** Source data follows **

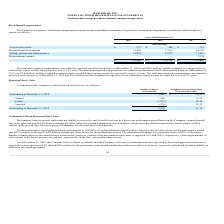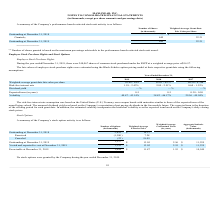According to Maxlinear's financial document, What is the number of shares Outstanding at December 31, 2019? According to the financial document, 445 (in thousands). The relevant text states: "Granted (1) 445 22.21..." Also, What percentage of each performance-based award is subject to the net sales metric for the performance period? According to the financial document, 60%. The relevant text states: "ance-based restricted stock units granted in 2019, 60% of each performance-based award is subject to the net sales metric for the performance period..." Also, What was the number of shares granted in 2019? According to the financial document, 445 (in thousands). The relevant text states: "Granted (1) 445 22.21..." Also, can you calculate: What was the change in the outstanding from 2018 to 2019? Based on the calculation: 445 - 0 , the result is 445 (in thousands). This is based on the information: "Outstanding at December 31, 2019 445 22.21 Outstanding at December 31, 2019 445 22.21..." The key data points involved are: 0. Also, can you calculate: What percentage of outstanding in 2019 was granted shares? Based on the calculation: 445 / 445, the result is 100 (percentage). This is based on the information: "Granted (1) 445 22.21..." Additionally, In which year was outstanding shares less than 200 thousands? According to the financial document, 2018. The relevant text states: "2019 2018 2017..." 
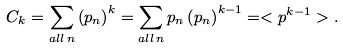<formula> <loc_0><loc_0><loc_500><loc_500>C _ { k } = \sum _ { a l l \, n } \left ( p _ { n } \right ) ^ { k } = \sum _ { a l l \, n } p _ { n } \left ( p _ { n } \right ) ^ { k - 1 } = < p ^ { k - 1 } > .</formula> 
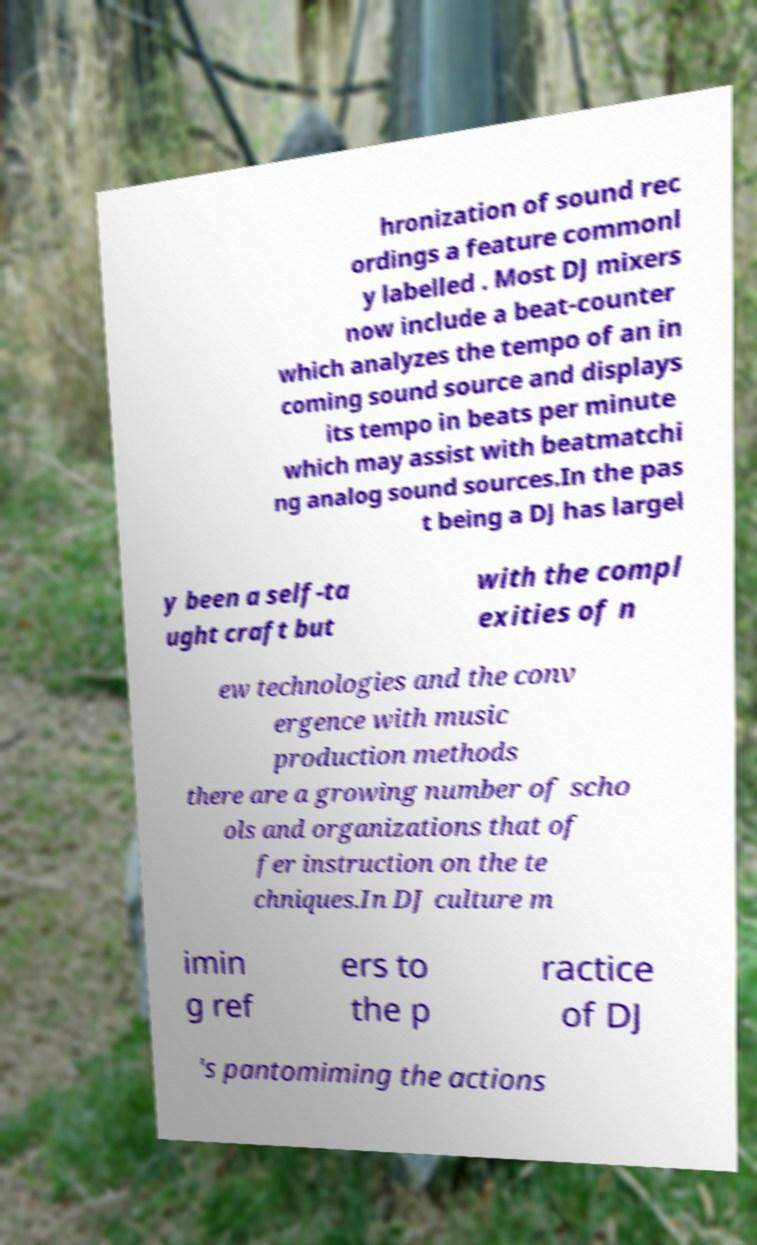There's text embedded in this image that I need extracted. Can you transcribe it verbatim? hronization of sound rec ordings a feature commonl y labelled . Most DJ mixers now include a beat-counter which analyzes the tempo of an in coming sound source and displays its tempo in beats per minute which may assist with beatmatchi ng analog sound sources.In the pas t being a DJ has largel y been a self-ta ught craft but with the compl exities of n ew technologies and the conv ergence with music production methods there are a growing number of scho ols and organizations that of fer instruction on the te chniques.In DJ culture m imin g ref ers to the p ractice of DJ 's pantomiming the actions 
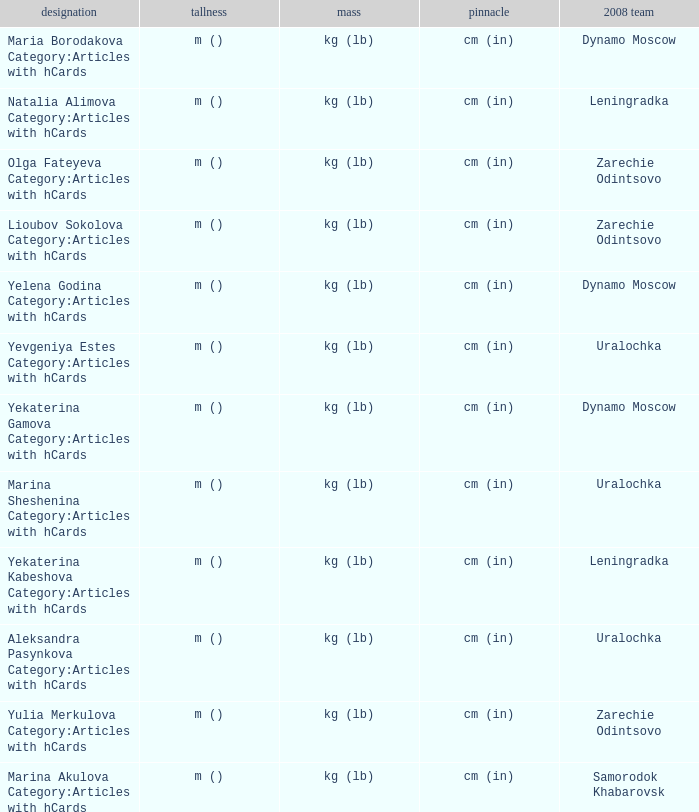What is the name when the 2008 club is zarechie odintsovo? Olga Fateyeva Category:Articles with hCards, Lioubov Sokolova Category:Articles with hCards, Yulia Merkulova Category:Articles with hCards. 
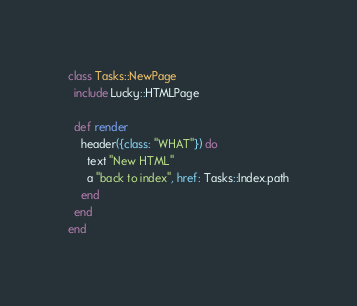<code> <loc_0><loc_0><loc_500><loc_500><_Crystal_>class Tasks::NewPage
  include Lucky::HTMLPage

  def render
    header({class: "WHAT"}) do
      text "New HTML"
      a "back to index", href: Tasks::Index.path
    end
  end
end
</code>

** End of Source data **

▶ _Work order_:
Exactly as written above, print every line of the data but not its pictures.

▶ _Result of the task_:
According to Maxlinear's financial document, What is the number of shares Outstanding at December 31, 2019? According to the financial document, 445 (in thousands). The relevant text states: "Granted (1) 445 22.21..." Also, What percentage of each performance-based award is subject to the net sales metric for the performance period? According to the financial document, 60%. The relevant text states: "ance-based restricted stock units granted in 2019, 60% of each performance-based award is subject to the net sales metric for the performance period..." Also, What was the number of shares granted in 2019? According to the financial document, 445 (in thousands). The relevant text states: "Granted (1) 445 22.21..." Also, can you calculate: What was the change in the outstanding from 2018 to 2019? Based on the calculation: 445 - 0 , the result is 445 (in thousands). This is based on the information: "Outstanding at December 31, 2019 445 22.21 Outstanding at December 31, 2019 445 22.21..." The key data points involved are: 0. Also, can you calculate: What percentage of outstanding in 2019 was granted shares? Based on the calculation: 445 / 445, the result is 100 (percentage). This is based on the information: "Granted (1) 445 22.21..." Additionally, In which year was outstanding shares less than 200 thousands? According to the financial document, 2018. The relevant text states: "2019 2018 2017..." 
<formula> <loc_0><loc_0><loc_500><loc_500>C _ { k } = \sum _ { a l l \, n } \left ( p _ { n } \right ) ^ { k } = \sum _ { a l l \, n } p _ { n } \left ( p _ { n } \right ) ^ { k - 1 } = < p ^ { k - 1 } > .</formula> 
There's text embedded in this image that I need extracted. Can you transcribe it verbatim? hronization of sound rec ordings a feature commonl y labelled . Most DJ mixers now include a beat-counter which analyzes the tempo of an in coming sound source and displays its tempo in beats per minute which may assist with beatmatchi ng analog sound sources.In the pas t being a DJ has largel y been a self-ta ught craft but with the compl exities of n ew technologies and the conv ergence with music production methods there are a growing number of scho ols and organizations that of fer instruction on the te chniques.In DJ culture m imin g ref ers to the p ractice of DJ 's pantomiming the actions 
What is the name when the 2008 club is zarechie odintsovo? Olga Fateyeva Category:Articles with hCards, Lioubov Sokolova Category:Articles with hCards, Yulia Merkulova Category:Articles with hCards. 
<code> <loc_0><loc_0><loc_500><loc_500><_Crystal_>class Tasks::NewPage
  include Lucky::HTMLPage

  def render
    header({class: "WHAT"}) do
      text "New HTML"
      a "back to index", href: Tasks::Index.path
    end
  end
end
</code>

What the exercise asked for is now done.